### Task goal
What are the lines, written out exactly, from the one containing "(48249.6, 24561.2)], flags=0)" to the end of the entries below? Include both ends and nothing more.

_ _ _ _ _ _ _

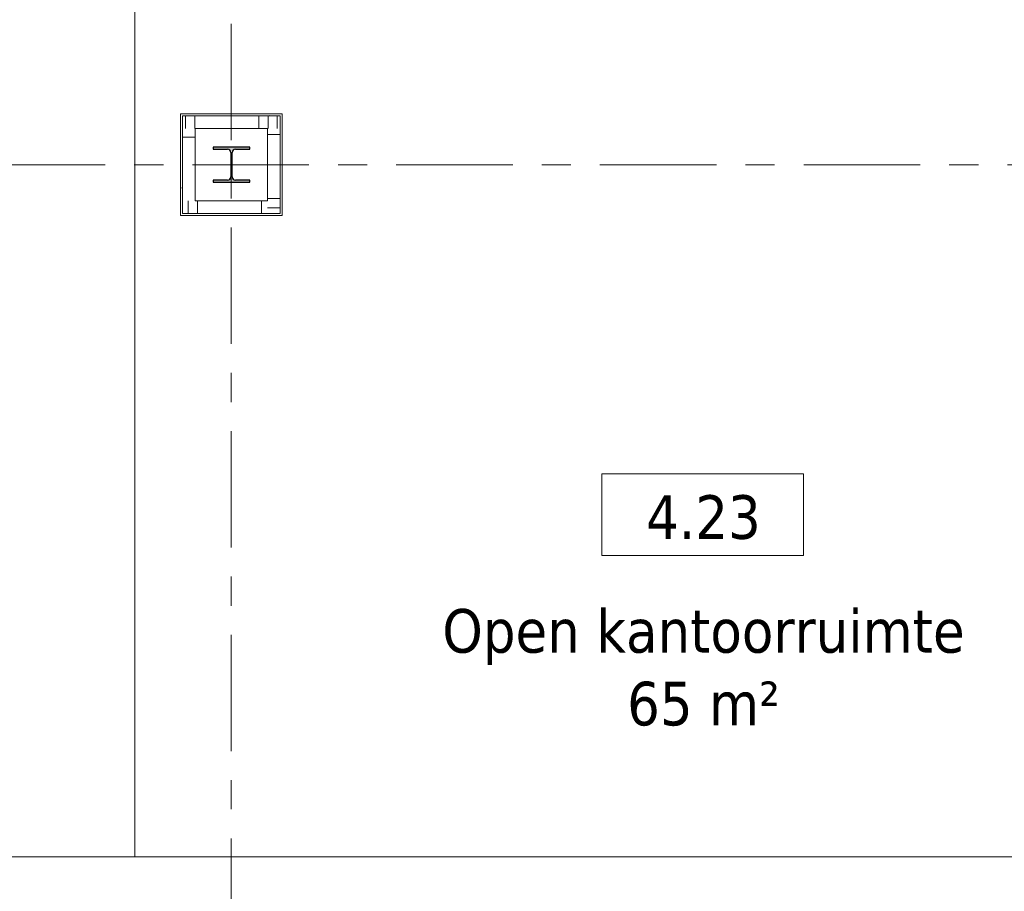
# Model space of a CAD drawing. Extents: x 2744 to 57639, y 3641 to 38820.
# Tile 146 of 179: x 47362 to 52733, y 20863 to 25620. Entities that reach past the tile are written whole.
import ezdxf

# ---------------------------------------------------------------- set-up
doc = ezdxf.new("R2010")
doc.units = 0
doc.header["$LTSCALE"] = 50
doc.linetypes.add('stramien', pattern=[22.225, 12.7, -3.175, 3.175, -3.175])
doc.layers.get('0').update_dxf_attribs({"linetype": 'CONTINUOUS'})
for name, color, linetype, lineweight in [('A-AREA-IDEN', 8, 'CONTINUOUS', 18), ('A-FLOR-OTLN', 8, 'CONTINUOUS', 18), ('A-GENM', 8, 'CONTINUOUS', 18), ('A-WALL-PATT', 8, 'CONTINUOUS', 50), ('I-WALL', 8, 'CONTINUOUS', 25), ('S-COLS', 8, 'CONTINUOUS', 18), ('S-GRID', 8, 'CONTINUOUS', 18)]:
    doc.layers.add(name, color=color, linetype=linetype, lineweight=lineweight)
doc.styles.add('Tahoma_1', font='TAHOMA.TTF', dxfattribs={"height": 238.040123})

# ---------------------------------------------------------------- blocks, each defined once
blk = doc.blocks.new('10844_ABT model nieuw_export 08-11-2012_rvt-1-Plotview 4e Verdieping - schaal 1 op 100')
at = {"layer": 'S-COLS', "lineweight": 5}
blk.add_hatch(color=256, dxfattribs=at).paths.add_polyline_path([(48617.5, 24733.2), (48617.5, 24743.2), (48538.8, 24743.2), (48526, 24748.5), (48520.8, 24761.2), (48520.8, 24895.2), (48526, 24907.9), (48538.8, 24913.2), (48617.5, 24913.2), (48617.5, 24923.2), (48417.5, 24923.2), (48417.5, 24913.2), (48496.3, 24913.2), (48509, 24907.9), (48514.3, 24895.2), (48514.3, 24761.2), (48509, 24748.5), (48496.3, 24743.2), (48417.5, 24743.2), (48417.5, 24733.2)], flags=0)
at = {"layer": 'S-COLS', "color": 0, "lineweight": 25}
for p, q in [((48617.5, 24923.2), (48417.5, 24923.2)), ((48417.5, 24923.2), (48417.5, 24913.2)), ((48617.5, 24913.2), (48617.5, 24923.2)), ((48417.5, 24913.2), (48496.3, 24913.2)), ((48514.3, 24895.2), (48514.3, 24761.2)), ((48520.8, 24761.2), (48520.8, 24895.2)), ((48538.8, 24913.2), (48617.5, 24913.2)), ((48496.3, 24743.2), (48417.5, 24743.2)), ((48417.5, 24743.2), (48417.5, 24733.2)), ((48417.5, 24733.2), (48617.5, 24733.2)), ((48617.5, 24743.2), (48538.8, 24743.2)), ((48617.5, 24733.2), (48617.5, 24743.2))]:
    blk.add_line(p, q, dxfattribs=at)
for centre, start, end in [((48496.3, 24895.2), 0, 90), ((48538.8, 24895.2), 90, 180), ((48496.3, 24761.2), 270, 0), ((48538.8, 24761.2), 180, 270)]:
    blk.add_arc(centre, 18, start, end, dxfattribs=at)
blk = doc.blocks.new('42_KA leemstuc betonkolomafwerking - Type-V36-Plotview 4e Verdieping - schaal 1 op 100')
at = {"layer": 'A-GENM'}
h = blk.add_hatch(dxfattribs=at)
h.set_pattern_fill('FP_133', color=256, style=0, pattern_type=2)
h.set_pattern_definition([(0, (-48516.6, -24828.2), (406.4, 101.6), [33.528, -271.272, 33.528, -1896.872]), (0, (-48516.6, -24828.2), (406.4, 101.6), [-338.328, -271.272, 33.528, -576.072, -1016]), (0, (-48516.6, -24828.2), (406.4, 101.6), [-1219.2, 33.528, -271.272, 33.528, -677.672]), (0, (-48516.6, -24828.2), (406.4, 101.6), [-1557.528, -169.672, 33.528, -474.472]), (120, (-48364.2, -24777.4), (-291.18818, 301.15272), [33.528, -271.272, 33.528, -1896.872]), (120, (-48364.2, -24777.4), (-291.18818, 301.15272), [-338.328, -271.272, 33.528, -576.072, -1016]), (120, (-48364.2, -24777.4), (-291.18818, 301.15272), [-1219.2, 33.528, -271.272, 33.528, -677.672]), (120, (-48364.2, -24777.4), (-291.18818, 301.15272), [-1557.528, -169.672, 33.528, -474.472]), (240, (-48313.4, -24574.2), (-115.21182, -402.75272), [33.528, -271.272, 33.528, -1896.872]), (240, (-48313.4, -24574.2), (-115.21182, -402.75272), [-338.328, -271.272, 33.528, -576.072, -1016]), (240, (-48313.4, -24574.2), (-115.21182, -402.75272), [-1219.2, 33.528, -271.272, 33.528, -677.672]), (240, (-48313.4, -24574.2), (-115.21182, -402.75272), [-1557.528, -169.672, 33.528, -474.472])])
h.paths.add_polyline_path([(-277, -277), (277, -277), (277, 277), (-277, 277)], flags=0)
h.paths.add_polyline_path([(-267, -267), (-267, 267), (267, 267), (267, -267)], flags=0)
for p, q in [((277, 277), (-277, 277)), ((-277, 277), (-277, -277)), ((277, -277), (277, 277)), ((-267, 267), (267, 267)), ((-267, -267), (-267, 267)), ((267, 267), (267, -267)), ((267, -267), (-267, -267)), ((-277, -277), (277, -277))]:
    blk.add_line(p, q, dxfattribs=at)
blk = doc.blocks.new('00_KU ruimtetag groot - 00_KU ruimtetag groot-3653893-Plotview 4e Verdieping - schaal 1 op 100')
at = {"layer": 'A-AREA-IDEN'}
for p, q in [((5.5, 2.164), (-5.5, 2.164)), ((-5.5, 2.164), (-5.5, -2.302)), ((5.5, -2.302), (5.5, 2.164)), ((-5.5, -2.302), (5.5, -2.302))]:
    blk.add_line(p, q, dxfattribs=at)
blk = doc.blocks.new('Onderlegger 4e verdieping')
at = {"layer": 'A-WALL-PATT', "lineweight": 18}
h = blk.add_hatch(dxfattribs=at)
h.set_pattern_fill('FP_110', color=256, angle=-270, style=0, pattern_type=2)
h.set_pattern_definition([(270, (48316.6, 25095.2), (500, 3e-14), []), (270, (48266.6, 25095.2), (500, 3e-14), []), (270, (48216.6, 25095.2), (500, 3e-14), []), (270, (48166.6, 25095.2), (500, 3e-14), [])])
h.paths.add_polyline_path([(48713.6, 25025.2), (48783.6, 25025.2), (48783.6, 25095.2), (48249.6, 25095.2), (48249.6, 25025.2), (48319.6, 25025.2)], flags=0)
h = blk.add_hatch(dxfattribs=at)
h.set_pattern_fill('FP_113', color=256, angle=90, style=0, pattern_type=2)
h.set_pattern_definition([(0, (48249.6, 24628.2), (0, 500), []), (0, (48249.6, 24578.2), (0, 500), []), (0, (48249.6, 24528.2), (0, 500), []), (0, (48249.6, 24478.2), (0, 500), [])])
h.paths.add_polyline_path([(48319.6, 24631.2), (48319.6, 25025.2), (48249.6, 25025.2), (48249.6, 24631.2)], flags=0)
h = blk.add_hatch(dxfattribs=at)
h.set_pattern_fill('FP_111', color=256, angle=90, style=0, pattern_type=2)
h.set_pattern_definition([(180, (48783.6, 24993.2), (-6e-14, -500), []), (180, (48783.6, 25043.2), (-6e-14, -500), []), (180, (48783.6, 25093.2), (-6e-14, -500), []), (180, (48783.6, 25143.2), (-6e-14, -500), [])])
h.paths.add_polyline_path([(48783.6, 24561.2), (48783.6, 25025.2), (48713.6, 25025.2), (48713.6, 24561.2)], flags=0)
h = blk.add_hatch(dxfattribs=at)
h.set_pattern_fill('FP_112', color=256, angle=90, style=0, pattern_type=2)
h.set_pattern_definition([(90, (48681.6, 24561.2), (-500, 3e-14), []), (90, (48731.6, 24561.2), (-500, 3e-14), []), (90, (48781.6, 24561.2), (-500, 3e-14), []), (90, (48831.6, 24561.2), (-500, 3e-14), [])])
h.paths.add_polyline_path([(48713.6, 24561.2), (48713.6, 24631.2), (48249.6, 24631.2), (48249.6, 24561.2)], flags=0)
at = {"layer": 'A-FLOR-OTLN'}
for p, q in [((47989.6, 26668.2), (47989.6, 21051.2)), ((53876.6, 21051.2), (46310.6, 21051.2))]:
    blk.add_line(p, q, dxfattribs=at)
at = {"layer": 'I-WALL', "lineweight": 18}
for p, q in [((48783.6, 25095.2), (48249.6, 25095.2)), ((48249.6, 25095.2), (48249.6, 24561.2)), ((48783.6, 24561.2), (48783.6, 25095.2)), ((48319.6, 25025.2), (48713.6, 25025.2)), ((48319.6, 24631.2), (48319.6, 25025.2)), ((48713.6, 25025.2), (48713.6, 24631.2)), ((48713.6, 24631.2), (48319.6, 24631.2)), ((48249.6, 24561.2), (48783.6, 24561.2))]:
    blk.add_line(p, q, dxfattribs=at)
at = {"layer": 'S-GRID', "linetype": 'stramien'}
for p, q in [((48516.6, 37820.1), (48516.6, 15453.9)), ((2743.8, 24828.2), (56270.4, 24828.2))]:
    blk.add_line(p, q, dxfattribs=at)
at = {"lineweight": 5}
blk.add_blockref('10844_ABT model nieuw_export 08-11-2012_rvt-1-Plotview 4e Verdieping - schaal 1 op 100', (0, 0), dxfattribs=at)
at = {"layer": 'A-AREA-IDEN', "xscale": 99.99999999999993, "yscale": 99.99999999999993, "zscale": 99.99999999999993}
blk.add_blockref('00_KU ruimtetag groot - 00_KU ruimtetag groot-3653893-Plotview 4e Verdieping - schaal 1 op 100', (51087.4, 22925), dxfattribs=at)
at = {"layer": 'A-GENM'}
blk.add_blockref('42_KA leemstuc betonkolomafwerking - Type-V36-Plotview 4e Verdieping - schaal 1 op 100', (48516.6, 24828.2), dxfattribs=at)
at = {"layer": 'A-AREA-IDEN', "char_height": 238.04, "attachment_point": 2, "line_spacing_factor": 1.000232, "style": 'Tahoma_1'}
for s, insert, width in [('4.23', (51092, 23024.3), 768), ('Open kantoorruimte\\P65 m²', (51092, 22403.2), 3483)]:
    blk.add_mtext(s, dxfattribs=dict(at, insert=insert, width=width))

msp = doc.modelspace()

# ---------------------------------------------------------------- block references
msp.add_blockref('Onderlegger 4e verdieping', (0, 0))

doc.saveas('drawing.dxf')

_ _ _ _ _ _ _

### Result of the task
h.paths.add_polyline_path([(48713.6, 24561.2), (48713.6, 24631.2), (48249.6, 24631.2), (48249.6, 24561.2)], flags=0)
at = {"layer": 'A-FLOR-OTLN'}
for p, q in [((47989.6, 26668.2), (47989.6, 21051.2)), ((53876.6, 21051.2), (46310.6, 21051.2))]:
    blk.add_line(p, q, dxfattribs=at)
at = {"layer": 'I-WALL', "lineweight": 18}
for p, q in [((48783.6, 25095.2), (48249.6, 25095.2)), ((48249.6, 25095.2), (48249.6, 24561.2)), ((48783.6, 24561.2), (48783.6, 25095.2)), ((48319.6, 25025.2), (48713.6, 25025.2)), ((48319.6, 24631.2), (48319.6, 25025.2)), ((48713.6, 25025.2), (48713.6, 24631.2)), ((48713.6, 24631.2), (48319.6, 24631.2)), ((48249.6, 24561.2), (48783.6, 24561.2))]:
    blk.add_line(p, q, dxfattribs=at)
at = {"layer": 'S-GRID', "linetype": 'stramien'}
for p, q in [((48516.6, 37820.1), (48516.6, 15453.9)), ((2743.8, 24828.2), (56270.4, 24828.2))]:
    blk.add_line(p, q, dxfattribs=at)
at = {"lineweight": 5}
blk.add_blockref('10844_ABT model nieuw_export 08-11-2012_rvt-1-Plotview 4e Verdieping - schaal 1 op 100', (0, 0), dxfattribs=at)
at = {"layer": 'A-AREA-IDEN', "xscale": 99.99999999999993, "yscale": 99.99999999999993, "zscale": 99.99999999999993}
blk.add_blockref('00_KU ruimtetag groot - 00_KU ruimtetag groot-3653893-Plotview 4e Verdieping - schaal 1 op 100', (51087.4, 22925), dxfattribs=at)
at = {"layer": 'A-GENM'}
blk.add_blockref('42_KA leemstuc betonkolomafwerking - Type-V36-Plotview 4e Verdieping - schaal 1 op 100', (48516.6, 24828.2), dxfattribs=at)
at = {"layer": 'A-AREA-IDEN', "char_height": 238.04, "attachment_point": 2, "line_spacing_factor": 1.000232, "style": 'Tahoma_1'}
for s, insert, width in [('4.23', (51092, 23024.3), 768), ('Open kantoorruimte\\P65 m²', (51092, 22403.2), 3483)]:
    blk.add_mtext(s, dxfattribs=dict(at, insert=insert, width=width))

msp = doc.modelspace()

# ---------------------------------------------------------------- block references
msp.add_blockref('Onderlegger 4e verdieping', (0, 0))

doc.saveas('drawing.dxf')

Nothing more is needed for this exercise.